Records from a dataset:
%%
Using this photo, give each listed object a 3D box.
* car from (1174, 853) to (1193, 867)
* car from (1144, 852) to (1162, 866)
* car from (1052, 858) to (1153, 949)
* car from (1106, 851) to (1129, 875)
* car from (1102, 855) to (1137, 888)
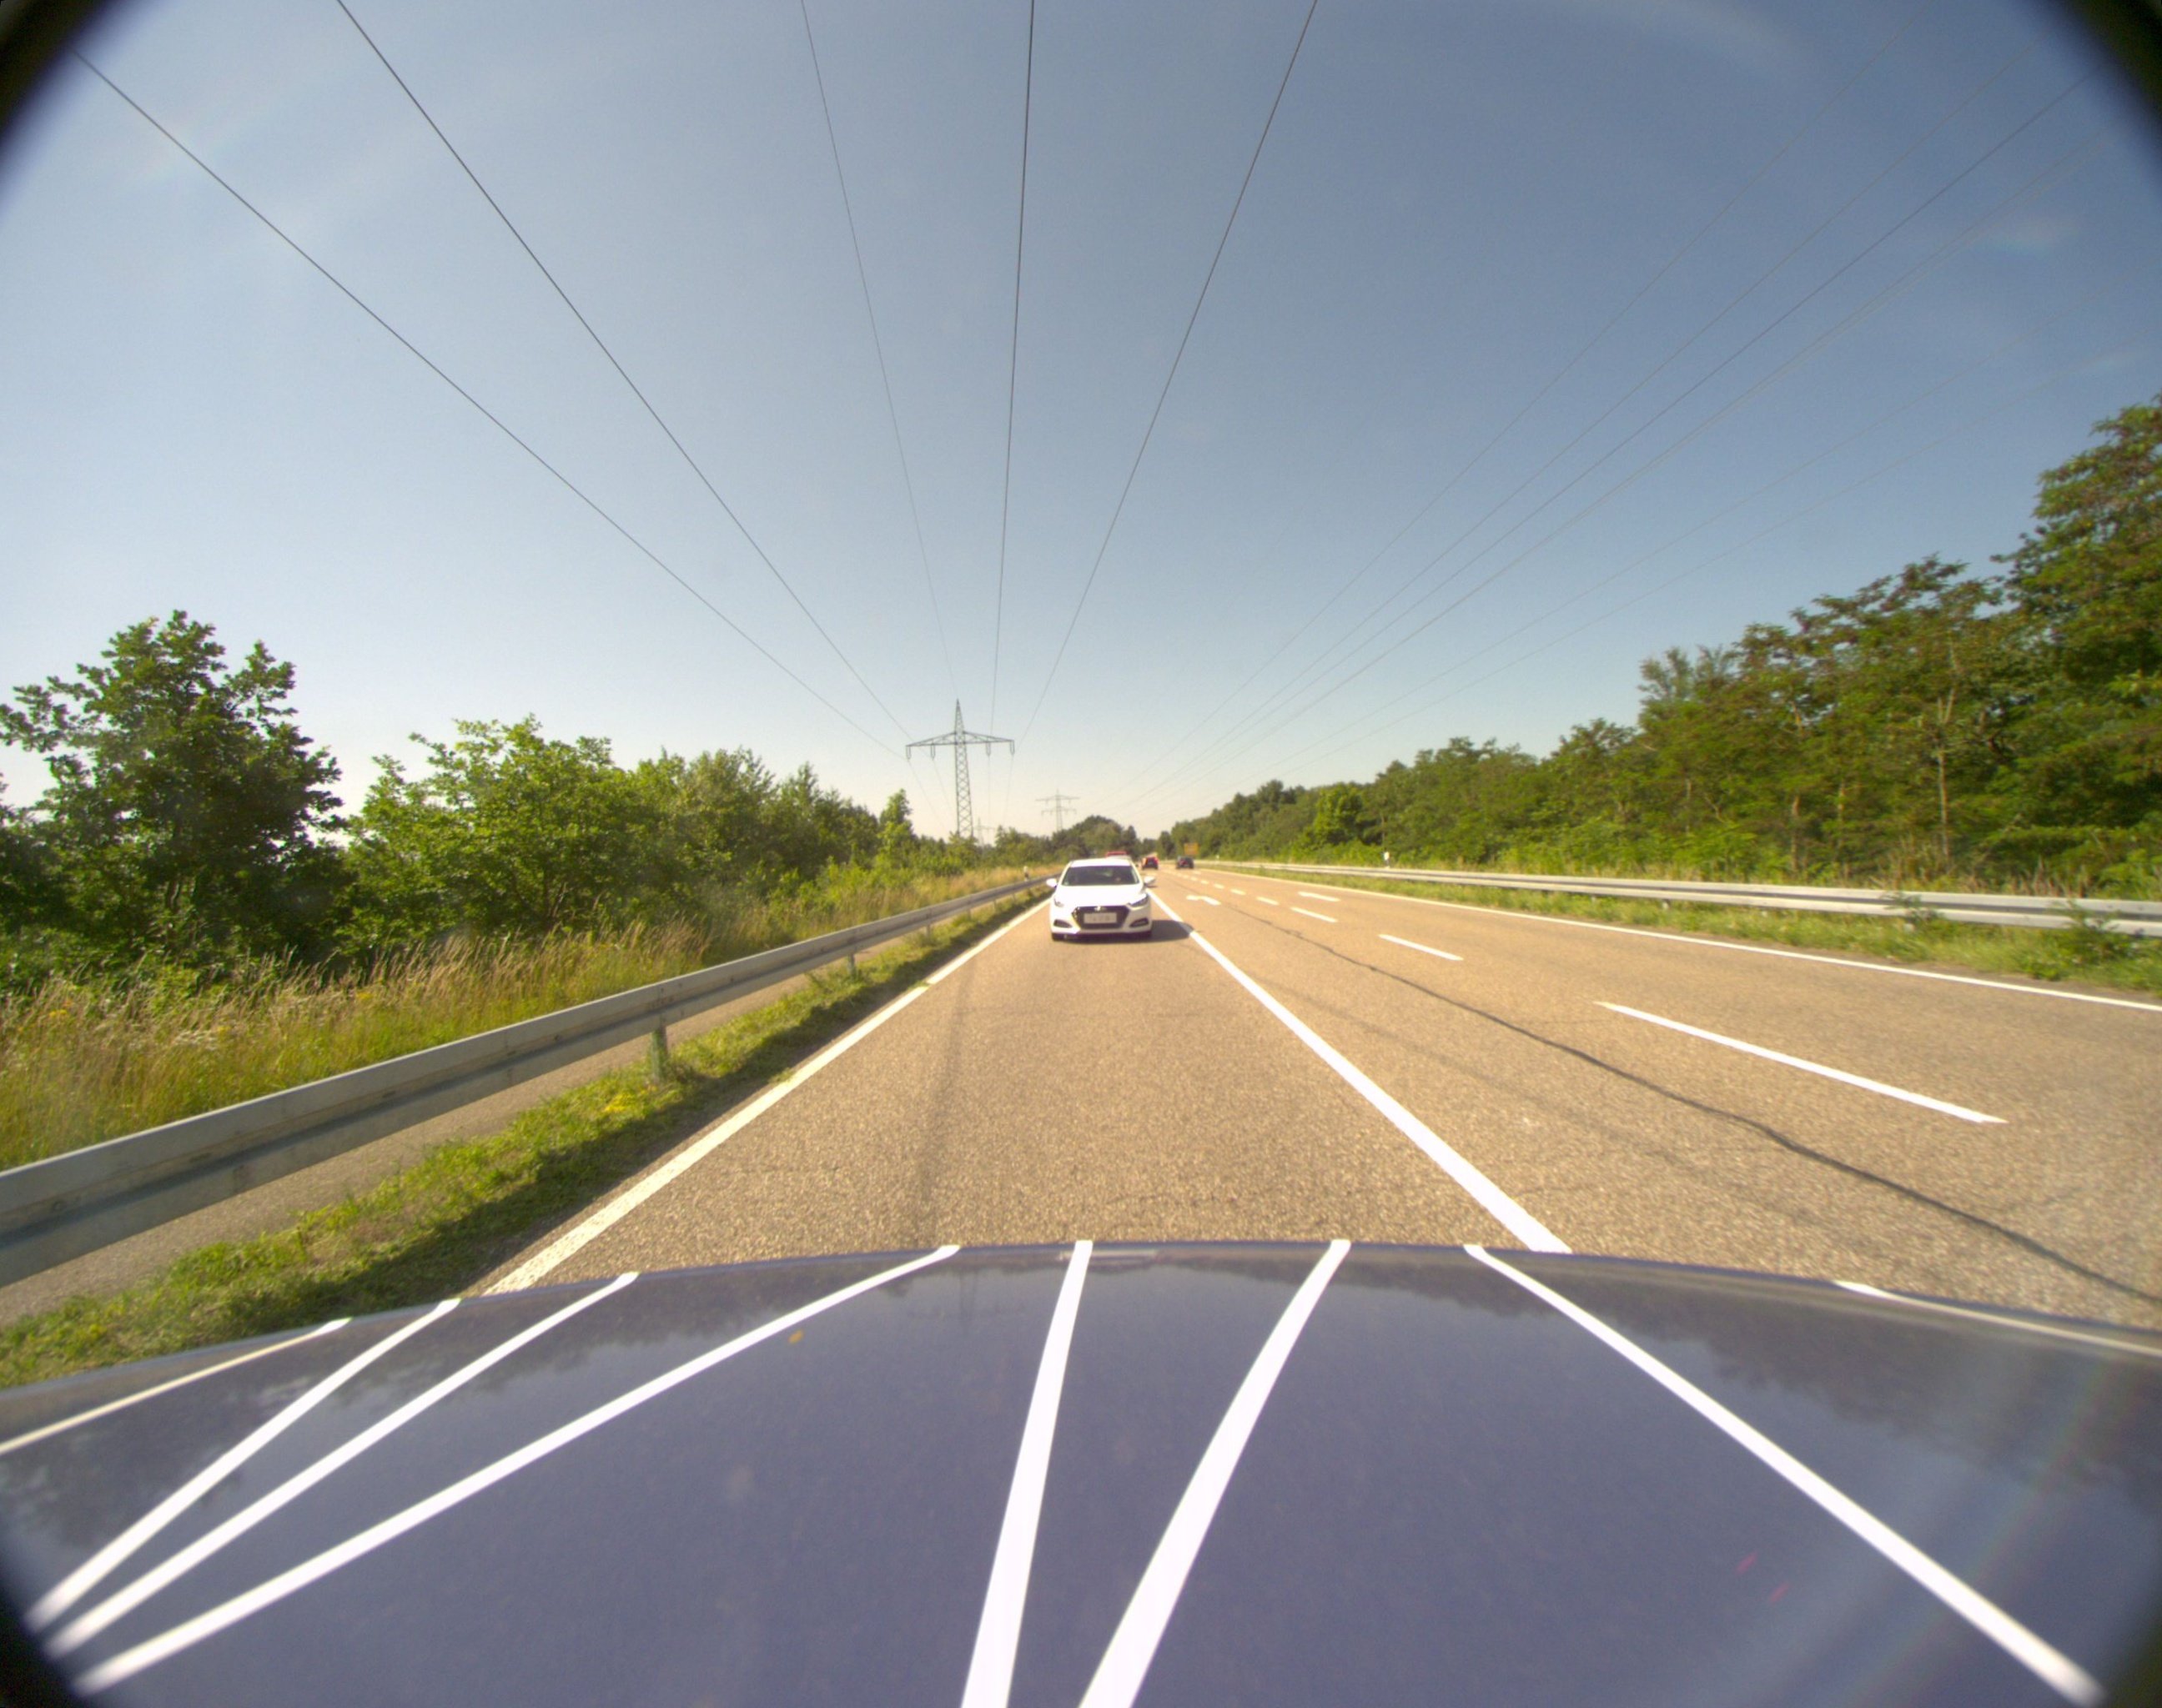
[{"bbox_3d":[11.239,0.635,83.300,1.663,1.433,4.169,-2,0,2],"label":"car"},{"bbox_3d":[8.264,0.528,87.956,1.731,1.482,4.423,-2,0,1],"label":"car"},{"bbox_3d":[0.454,0.857,15.149,1.683,1.471,4.474,-1,0,2],"label":"car"},{"bbox_3d":[3.120,0.767,65.601,1.794,1.892,4.838,-2,0,2],"label":"car"},{"bbox_3d":[1.826,0.804,36.568,1.549,1.460,3.661,-2,0,2],"label":"car"}]
%%
§ **WORK ORDER**: With the pictures set aside, repeat every entry above exactly.

§ **ANSWER BOX**:
Using this photo, give each listed object a 3D box.
* car from (1174, 853) to (1193, 867)
* car from (1144, 852) to (1162, 866)
* car from (1052, 858) to (1153, 949)
* car from (1106, 851) to (1129, 875)
* car from (1102, 855) to (1137, 888)
[{"bbox_3d":[11.239,0.635,83.300,1.663,1.433,4.169,-2,0,2],"label":"car"},{"bbox_3d":[8.264,0.528,87.956,1.731,1.482,4.423,-2,0,1],"label":"car"},{"bbox_3d":[0.454,0.857,15.149,1.683,1.471,4.474,-1,0,2],"label":"car"},{"bbox_3d":[3.120,0.767,65.601,1.794,1.892,4.838,-2,0,2],"label":"car"},{"bbox_3d":[1.826,0.804,36.568,1.549,1.460,3.661,-2,0,2],"label":"car"}]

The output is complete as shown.